Task to carry out.
With the images removed, return every line below exactly as it reads.

Data supplied.
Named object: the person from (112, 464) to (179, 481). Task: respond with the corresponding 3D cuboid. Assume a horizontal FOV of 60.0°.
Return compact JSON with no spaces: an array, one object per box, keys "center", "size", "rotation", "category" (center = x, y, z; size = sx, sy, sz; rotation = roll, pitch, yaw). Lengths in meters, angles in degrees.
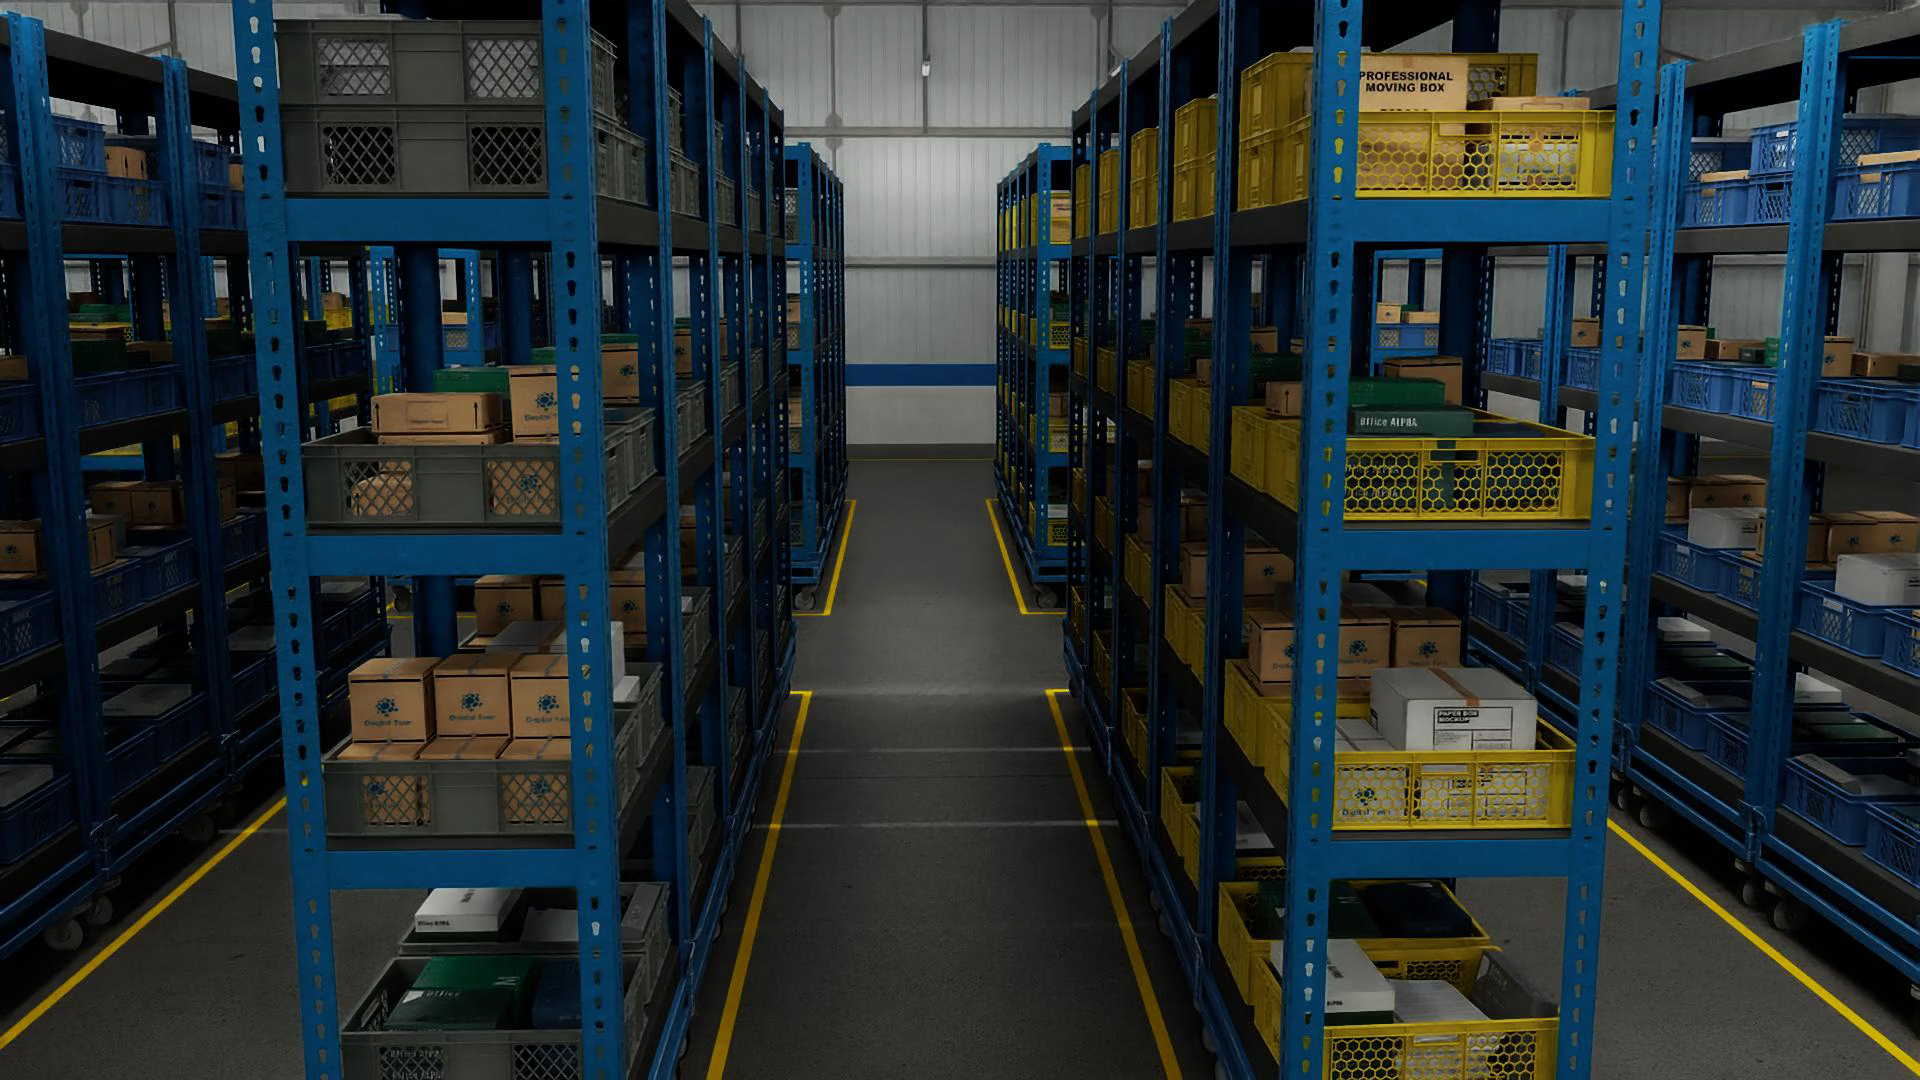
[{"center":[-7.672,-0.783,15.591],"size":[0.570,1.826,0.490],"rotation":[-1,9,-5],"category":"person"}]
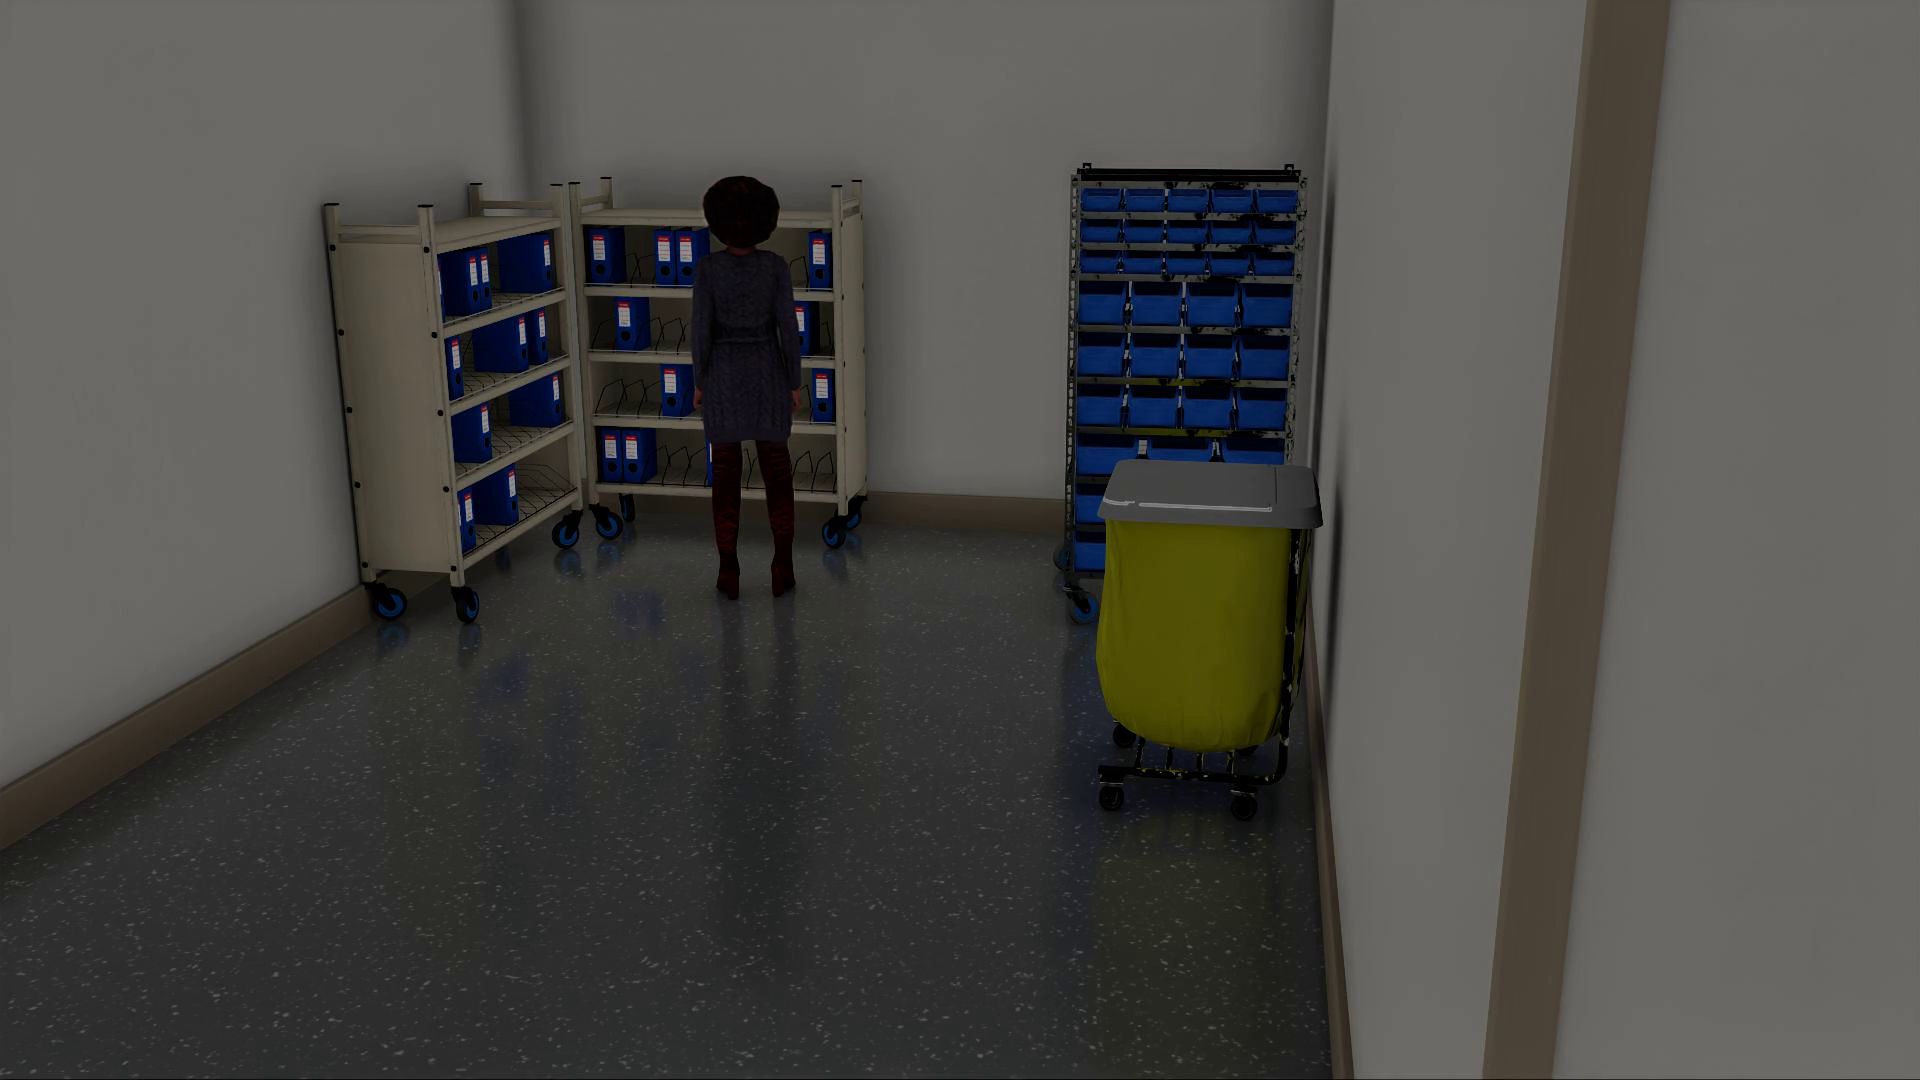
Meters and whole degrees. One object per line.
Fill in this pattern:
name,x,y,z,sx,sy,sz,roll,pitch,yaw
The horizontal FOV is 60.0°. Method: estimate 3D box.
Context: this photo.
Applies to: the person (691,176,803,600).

Answer box.
Named object: the person from (112, 464) to (179, 481). Task: respond with the corresponding 3D cuboid. Assume a horizontal FOV of 60.0°.
Return compact JSON with no spaces: an array, one object per box, keys "center", "size", "rotation", "category" (center = x, y, z; size = sx, sy, sz; rotation = roll, pitch, yaw). Lengths in meters, angles in degrees.
[{"center":[-7.672,-0.783,15.591],"size":[0.570,1.826,0.490],"rotation":[-1,9,-5],"category":"person"}]
Meters and whole degrees. One object per line.
Fill in this pattern:
name,x,y,z,sx,sy,sz,roll,pitch,yaw
The horizontal FOV is 60.0°. Method: estimate 3D box.
Context: this photo.
Applies to: the person (691,176,803,600).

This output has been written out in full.